[Collected data entries]
:::::

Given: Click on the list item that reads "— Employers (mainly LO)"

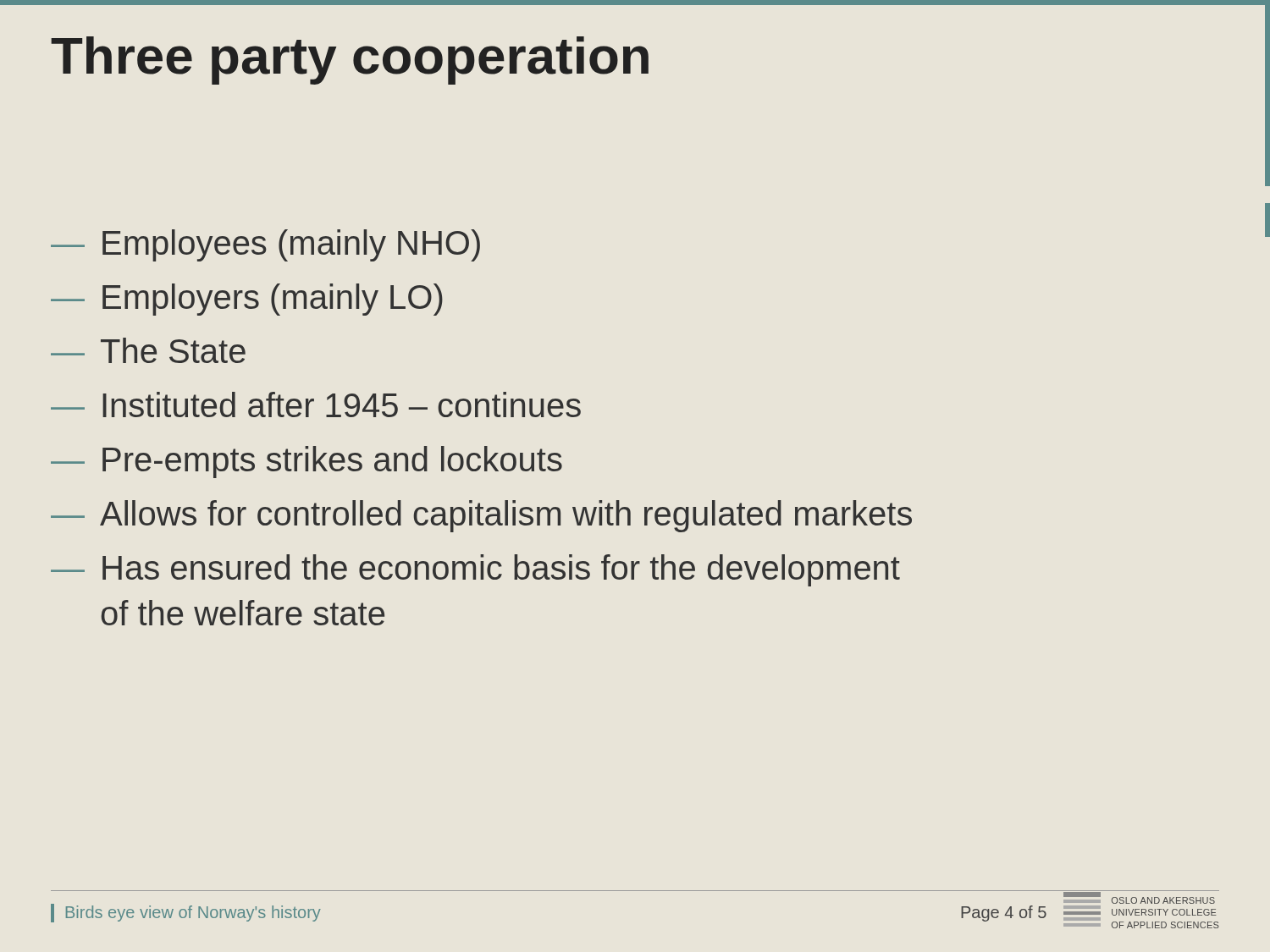Looking at the screenshot, I should 248,297.
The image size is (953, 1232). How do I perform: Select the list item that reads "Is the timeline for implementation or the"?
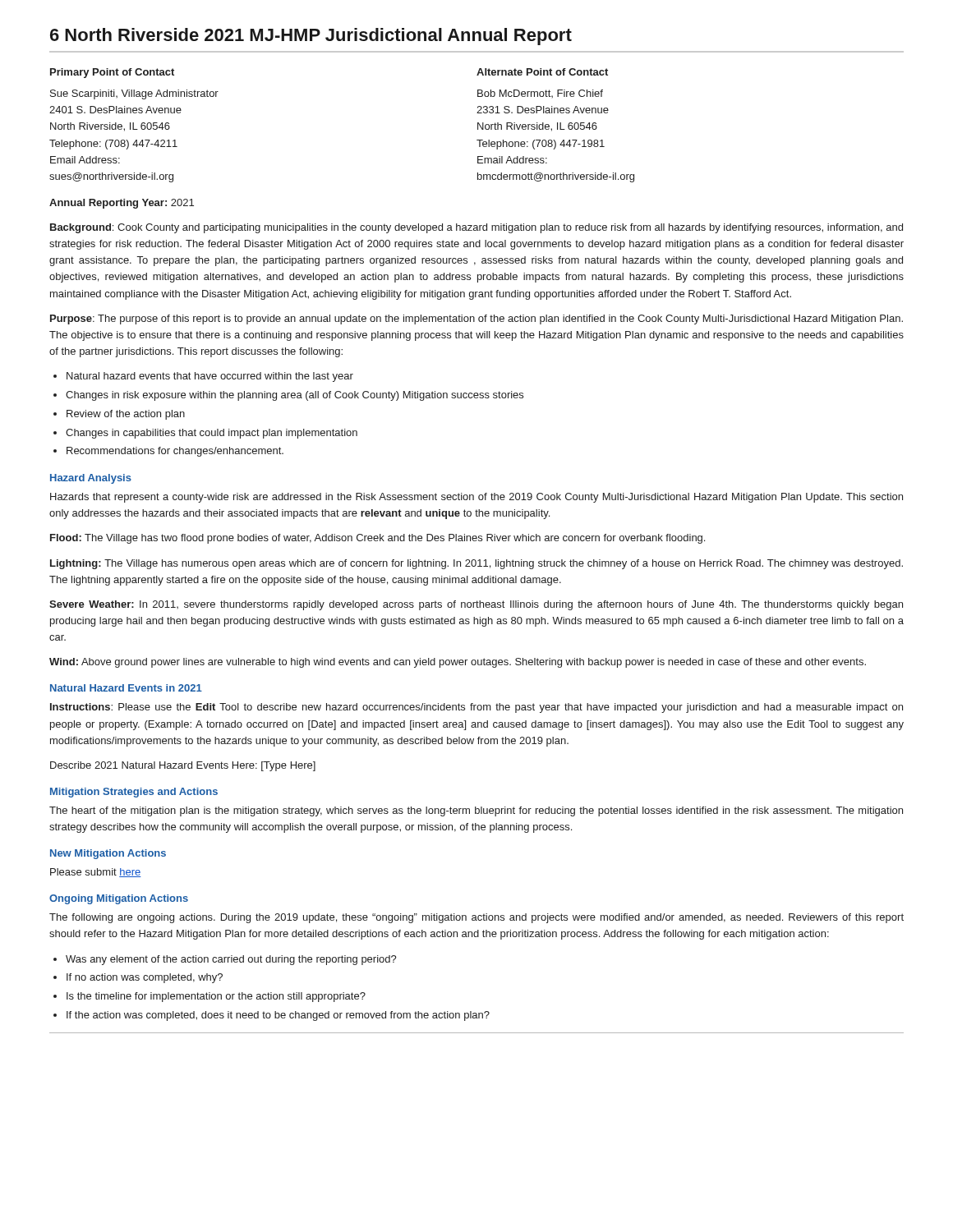[216, 996]
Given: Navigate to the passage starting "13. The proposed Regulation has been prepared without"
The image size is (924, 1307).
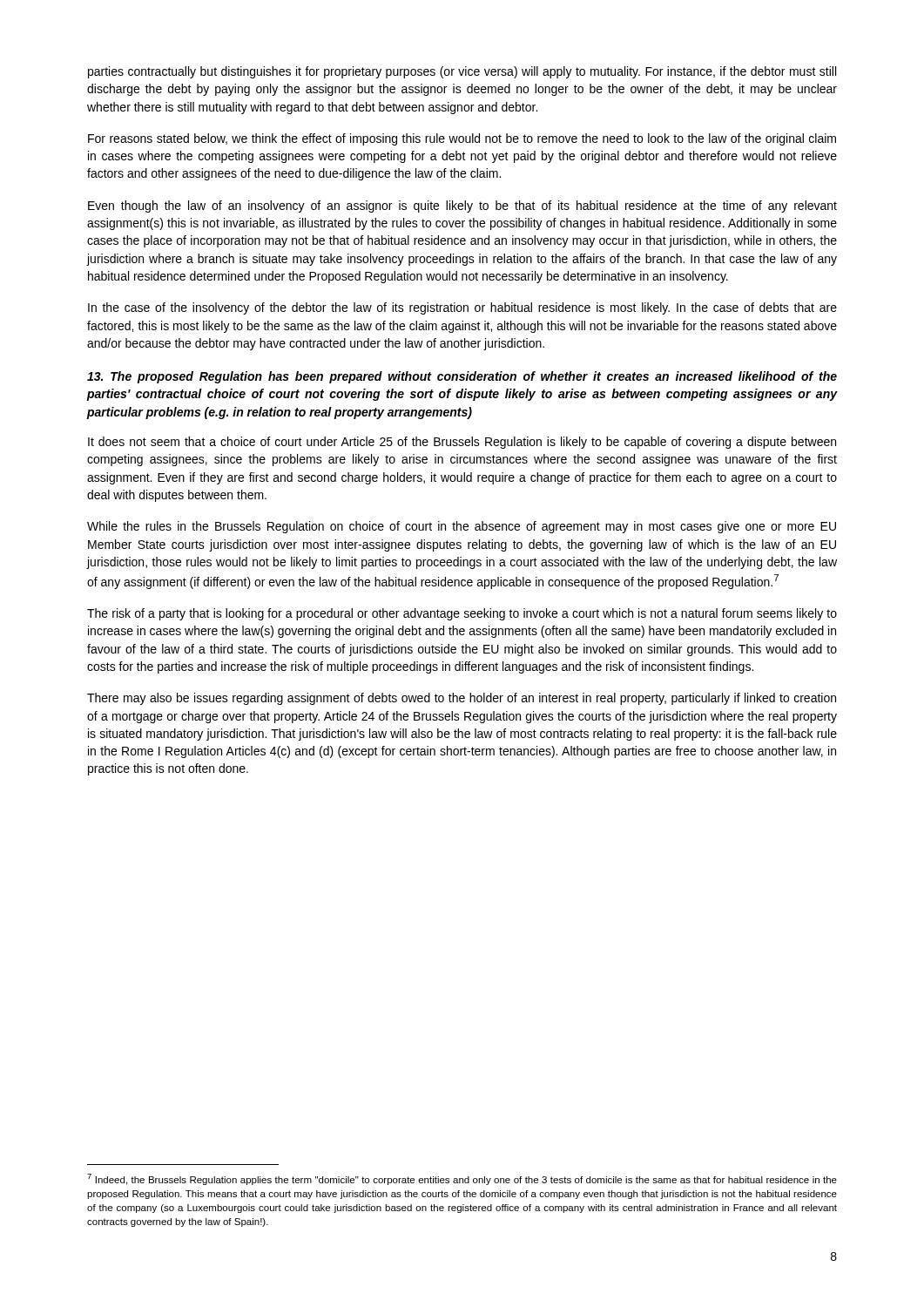Looking at the screenshot, I should (462, 394).

:::::

### PROBLEM
All lines from the line with "Given: Navigate to" through the final line of the data, both included, are to be repeated exactly; no other lines and no pictures.

### RESPONSE BOX
Given: Navigate to the passage starting "13. The proposed Regulation has been prepared without"
The image size is (924, 1307).
Looking at the screenshot, I should (462, 394).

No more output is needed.